_Description of the task:_ In the data, extract each line that holds the string "with".

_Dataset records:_
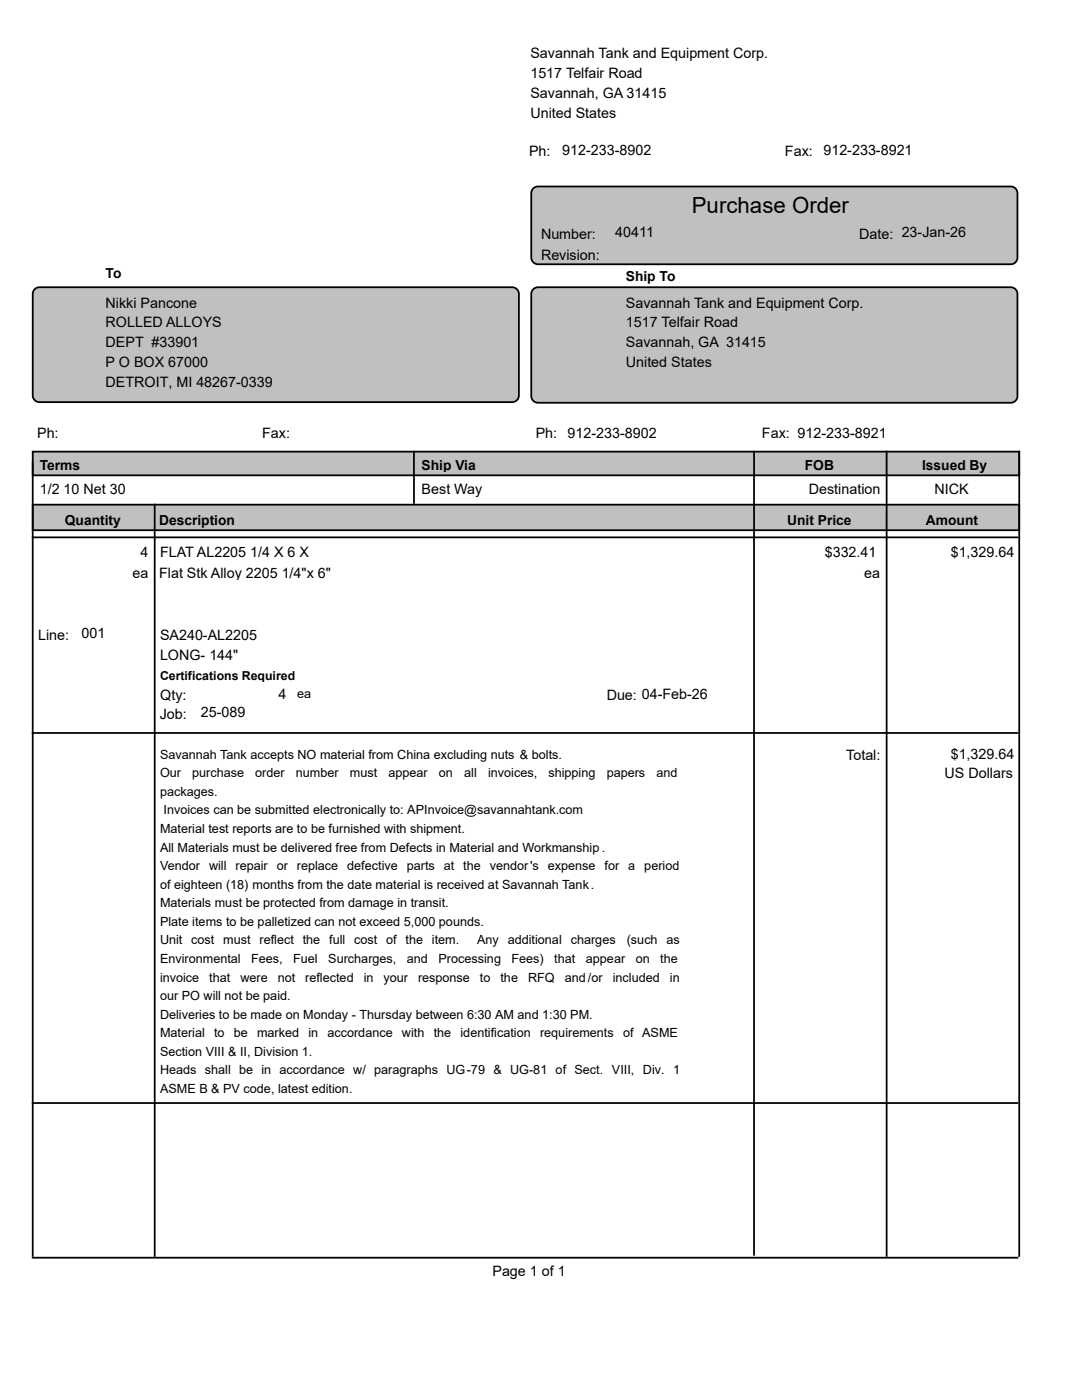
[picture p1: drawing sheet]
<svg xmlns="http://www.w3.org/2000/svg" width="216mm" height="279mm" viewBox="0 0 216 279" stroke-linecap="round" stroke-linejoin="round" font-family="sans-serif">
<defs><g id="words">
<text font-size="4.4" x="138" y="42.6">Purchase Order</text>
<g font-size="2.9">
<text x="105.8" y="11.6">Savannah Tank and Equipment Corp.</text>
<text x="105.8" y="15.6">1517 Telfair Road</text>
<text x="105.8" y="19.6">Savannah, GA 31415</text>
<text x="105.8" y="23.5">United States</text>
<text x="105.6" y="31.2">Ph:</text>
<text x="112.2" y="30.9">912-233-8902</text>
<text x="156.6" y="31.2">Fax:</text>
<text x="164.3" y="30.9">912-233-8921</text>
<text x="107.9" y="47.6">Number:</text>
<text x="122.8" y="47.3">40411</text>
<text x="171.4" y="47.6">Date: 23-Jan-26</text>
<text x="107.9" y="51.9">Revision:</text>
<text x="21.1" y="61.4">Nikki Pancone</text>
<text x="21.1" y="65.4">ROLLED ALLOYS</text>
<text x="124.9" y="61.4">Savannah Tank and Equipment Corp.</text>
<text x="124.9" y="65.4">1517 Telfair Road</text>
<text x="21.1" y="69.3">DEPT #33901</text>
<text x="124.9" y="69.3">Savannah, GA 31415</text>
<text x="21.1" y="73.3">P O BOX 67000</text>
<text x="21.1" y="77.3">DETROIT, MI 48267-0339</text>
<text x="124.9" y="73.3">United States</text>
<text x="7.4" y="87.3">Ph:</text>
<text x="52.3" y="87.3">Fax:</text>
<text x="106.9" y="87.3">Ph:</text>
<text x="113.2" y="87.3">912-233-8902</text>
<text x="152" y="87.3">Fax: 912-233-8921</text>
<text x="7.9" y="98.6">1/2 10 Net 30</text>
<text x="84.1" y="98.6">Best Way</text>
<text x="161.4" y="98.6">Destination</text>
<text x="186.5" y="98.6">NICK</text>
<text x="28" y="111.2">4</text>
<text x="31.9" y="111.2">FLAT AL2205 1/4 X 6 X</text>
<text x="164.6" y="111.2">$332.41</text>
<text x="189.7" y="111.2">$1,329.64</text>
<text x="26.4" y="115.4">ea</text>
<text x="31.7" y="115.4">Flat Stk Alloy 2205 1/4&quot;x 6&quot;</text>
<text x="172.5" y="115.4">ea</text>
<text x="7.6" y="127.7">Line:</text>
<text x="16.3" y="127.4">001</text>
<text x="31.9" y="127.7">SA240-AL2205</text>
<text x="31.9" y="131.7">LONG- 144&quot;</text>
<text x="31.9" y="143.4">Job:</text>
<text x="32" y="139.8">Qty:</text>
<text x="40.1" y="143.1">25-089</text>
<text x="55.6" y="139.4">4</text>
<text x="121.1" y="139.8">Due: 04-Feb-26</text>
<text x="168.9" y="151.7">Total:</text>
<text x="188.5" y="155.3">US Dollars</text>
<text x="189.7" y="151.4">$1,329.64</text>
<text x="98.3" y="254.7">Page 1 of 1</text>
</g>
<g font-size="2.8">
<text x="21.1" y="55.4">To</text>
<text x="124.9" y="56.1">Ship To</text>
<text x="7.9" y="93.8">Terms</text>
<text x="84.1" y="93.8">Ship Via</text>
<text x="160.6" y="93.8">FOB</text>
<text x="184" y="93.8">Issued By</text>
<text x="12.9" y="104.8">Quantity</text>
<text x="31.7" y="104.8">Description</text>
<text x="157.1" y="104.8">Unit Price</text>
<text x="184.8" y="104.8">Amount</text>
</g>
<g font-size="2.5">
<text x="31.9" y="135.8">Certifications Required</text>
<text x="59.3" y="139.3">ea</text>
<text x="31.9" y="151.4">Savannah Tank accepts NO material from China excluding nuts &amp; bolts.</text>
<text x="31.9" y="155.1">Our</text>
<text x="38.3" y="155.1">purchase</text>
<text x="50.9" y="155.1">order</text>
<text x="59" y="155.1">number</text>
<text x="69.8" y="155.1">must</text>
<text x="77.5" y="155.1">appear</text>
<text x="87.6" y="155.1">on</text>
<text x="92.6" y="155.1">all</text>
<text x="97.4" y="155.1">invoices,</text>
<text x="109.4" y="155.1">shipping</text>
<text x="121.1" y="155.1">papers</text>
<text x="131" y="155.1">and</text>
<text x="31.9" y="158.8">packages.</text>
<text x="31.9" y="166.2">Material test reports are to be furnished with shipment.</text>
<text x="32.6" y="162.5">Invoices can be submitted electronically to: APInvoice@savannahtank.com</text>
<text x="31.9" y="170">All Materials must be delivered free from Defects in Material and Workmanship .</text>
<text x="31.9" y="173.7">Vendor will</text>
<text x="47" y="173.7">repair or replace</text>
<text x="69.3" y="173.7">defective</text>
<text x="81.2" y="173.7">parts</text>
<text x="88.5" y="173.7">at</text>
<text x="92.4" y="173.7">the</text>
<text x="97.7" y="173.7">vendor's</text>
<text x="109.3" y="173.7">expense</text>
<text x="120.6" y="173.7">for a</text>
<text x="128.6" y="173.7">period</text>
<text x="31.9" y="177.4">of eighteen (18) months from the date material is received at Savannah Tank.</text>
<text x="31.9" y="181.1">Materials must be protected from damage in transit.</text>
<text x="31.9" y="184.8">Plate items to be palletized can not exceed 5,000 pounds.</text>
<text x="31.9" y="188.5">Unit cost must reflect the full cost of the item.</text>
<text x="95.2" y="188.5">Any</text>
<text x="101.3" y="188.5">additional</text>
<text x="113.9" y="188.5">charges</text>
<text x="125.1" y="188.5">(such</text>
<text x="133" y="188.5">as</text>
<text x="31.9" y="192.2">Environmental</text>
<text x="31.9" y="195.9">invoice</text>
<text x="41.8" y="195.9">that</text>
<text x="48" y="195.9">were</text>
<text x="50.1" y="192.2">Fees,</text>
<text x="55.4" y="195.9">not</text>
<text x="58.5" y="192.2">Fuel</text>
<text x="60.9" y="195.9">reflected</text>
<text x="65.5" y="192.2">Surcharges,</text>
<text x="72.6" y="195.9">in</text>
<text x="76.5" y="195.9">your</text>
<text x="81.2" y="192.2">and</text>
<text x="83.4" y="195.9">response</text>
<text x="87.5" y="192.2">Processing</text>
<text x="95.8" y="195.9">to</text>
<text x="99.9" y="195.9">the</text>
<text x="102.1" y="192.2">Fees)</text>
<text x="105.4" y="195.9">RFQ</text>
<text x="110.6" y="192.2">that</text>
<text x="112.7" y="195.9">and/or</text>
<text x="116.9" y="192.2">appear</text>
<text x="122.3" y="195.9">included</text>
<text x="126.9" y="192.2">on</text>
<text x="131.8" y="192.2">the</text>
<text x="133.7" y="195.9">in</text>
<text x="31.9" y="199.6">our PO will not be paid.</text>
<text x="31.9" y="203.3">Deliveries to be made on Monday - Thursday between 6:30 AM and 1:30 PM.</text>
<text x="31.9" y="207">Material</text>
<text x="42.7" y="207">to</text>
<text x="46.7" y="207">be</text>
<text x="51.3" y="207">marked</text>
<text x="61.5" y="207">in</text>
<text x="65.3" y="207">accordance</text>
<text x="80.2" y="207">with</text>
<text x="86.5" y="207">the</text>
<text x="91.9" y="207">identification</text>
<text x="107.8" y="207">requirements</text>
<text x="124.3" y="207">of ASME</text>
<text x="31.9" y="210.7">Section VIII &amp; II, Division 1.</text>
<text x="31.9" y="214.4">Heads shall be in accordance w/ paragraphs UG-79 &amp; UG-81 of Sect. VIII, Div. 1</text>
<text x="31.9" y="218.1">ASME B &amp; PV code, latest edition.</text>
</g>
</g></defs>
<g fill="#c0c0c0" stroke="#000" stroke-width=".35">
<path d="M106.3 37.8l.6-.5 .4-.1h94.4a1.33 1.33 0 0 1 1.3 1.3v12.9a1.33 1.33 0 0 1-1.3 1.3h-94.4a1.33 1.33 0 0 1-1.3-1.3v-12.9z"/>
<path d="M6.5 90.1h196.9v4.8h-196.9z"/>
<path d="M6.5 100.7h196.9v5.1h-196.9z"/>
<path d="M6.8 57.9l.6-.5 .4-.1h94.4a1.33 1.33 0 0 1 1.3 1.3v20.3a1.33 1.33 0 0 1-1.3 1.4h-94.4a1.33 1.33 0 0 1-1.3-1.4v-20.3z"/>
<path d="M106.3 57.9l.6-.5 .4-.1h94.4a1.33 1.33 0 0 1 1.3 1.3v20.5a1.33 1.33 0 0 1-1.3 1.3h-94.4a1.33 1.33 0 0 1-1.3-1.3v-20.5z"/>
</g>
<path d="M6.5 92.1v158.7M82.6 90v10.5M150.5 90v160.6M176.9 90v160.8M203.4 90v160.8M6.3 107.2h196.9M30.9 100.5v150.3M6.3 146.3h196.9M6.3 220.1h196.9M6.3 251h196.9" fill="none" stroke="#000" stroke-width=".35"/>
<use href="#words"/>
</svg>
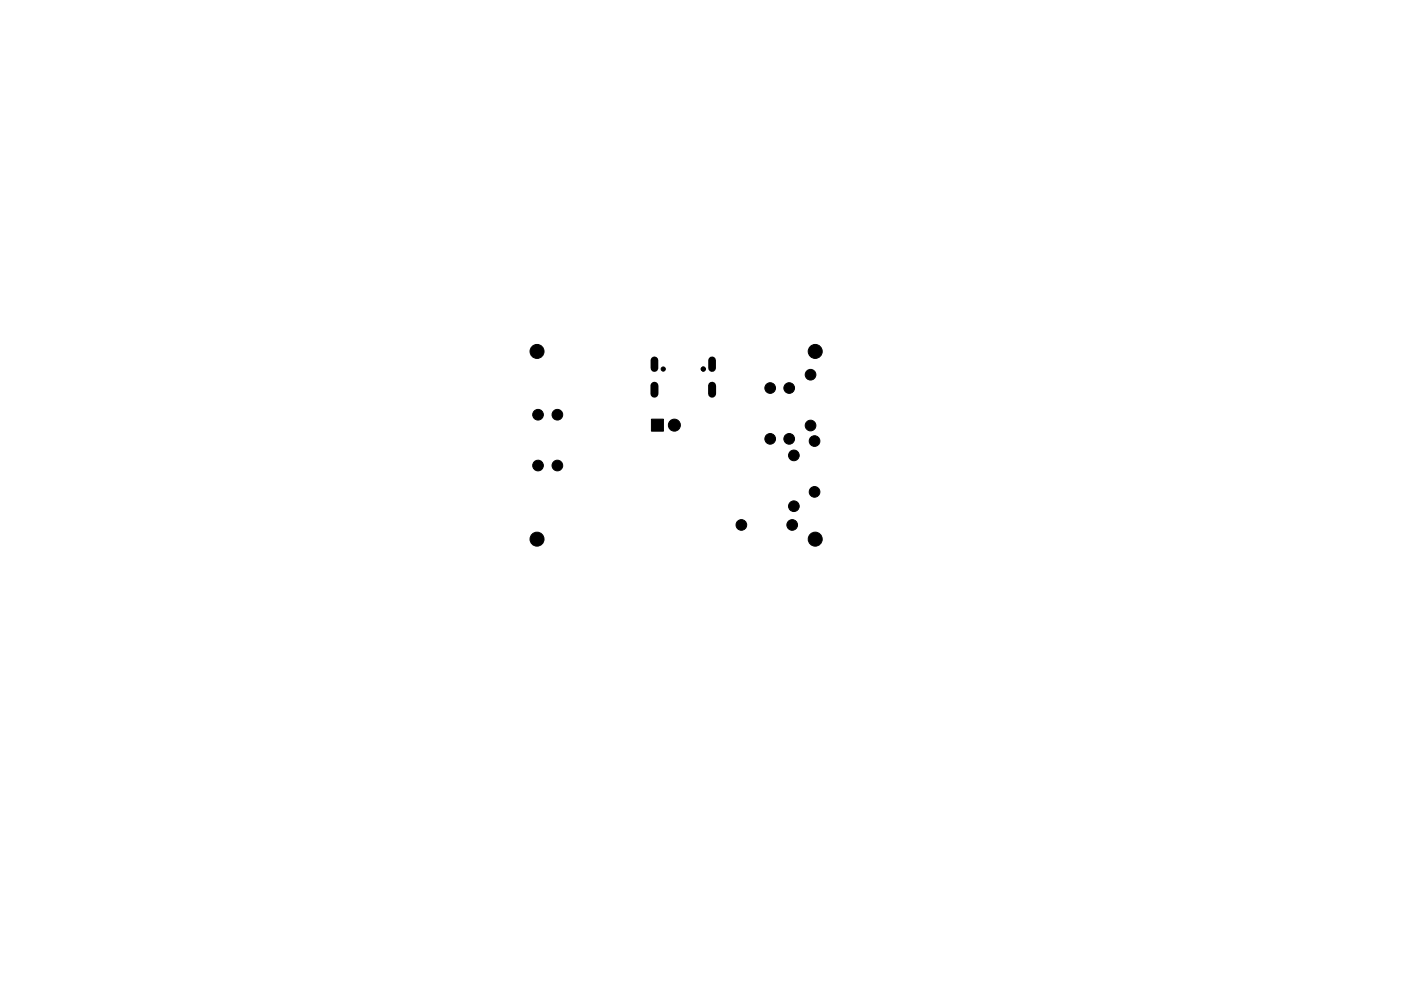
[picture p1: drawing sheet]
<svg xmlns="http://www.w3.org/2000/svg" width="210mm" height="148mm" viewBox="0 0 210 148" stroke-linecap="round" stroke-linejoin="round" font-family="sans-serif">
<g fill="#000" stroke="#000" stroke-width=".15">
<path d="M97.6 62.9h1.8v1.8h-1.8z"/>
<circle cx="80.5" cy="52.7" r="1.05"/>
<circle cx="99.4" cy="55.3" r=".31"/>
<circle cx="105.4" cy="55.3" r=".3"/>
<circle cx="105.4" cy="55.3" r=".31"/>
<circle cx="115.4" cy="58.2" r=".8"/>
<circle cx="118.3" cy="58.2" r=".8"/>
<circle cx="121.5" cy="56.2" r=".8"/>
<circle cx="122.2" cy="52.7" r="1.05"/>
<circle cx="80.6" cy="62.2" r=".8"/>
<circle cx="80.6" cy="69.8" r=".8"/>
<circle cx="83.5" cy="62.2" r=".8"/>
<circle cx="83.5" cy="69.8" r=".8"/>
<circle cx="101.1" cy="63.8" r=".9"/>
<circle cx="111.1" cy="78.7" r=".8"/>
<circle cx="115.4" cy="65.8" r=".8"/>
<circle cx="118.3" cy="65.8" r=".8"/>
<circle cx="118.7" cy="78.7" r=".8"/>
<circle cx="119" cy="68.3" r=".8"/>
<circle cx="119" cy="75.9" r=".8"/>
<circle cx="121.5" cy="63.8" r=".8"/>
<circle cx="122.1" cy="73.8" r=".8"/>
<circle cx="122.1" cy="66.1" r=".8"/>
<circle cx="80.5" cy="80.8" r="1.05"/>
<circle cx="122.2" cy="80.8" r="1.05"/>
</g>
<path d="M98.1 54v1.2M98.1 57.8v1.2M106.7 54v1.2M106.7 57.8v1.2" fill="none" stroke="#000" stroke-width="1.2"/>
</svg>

_Answer section:_
<text x="31.9" y="166.2">Material test reports are to be furnished with shipment.</text>
<text x="80.2" y="207">with</text>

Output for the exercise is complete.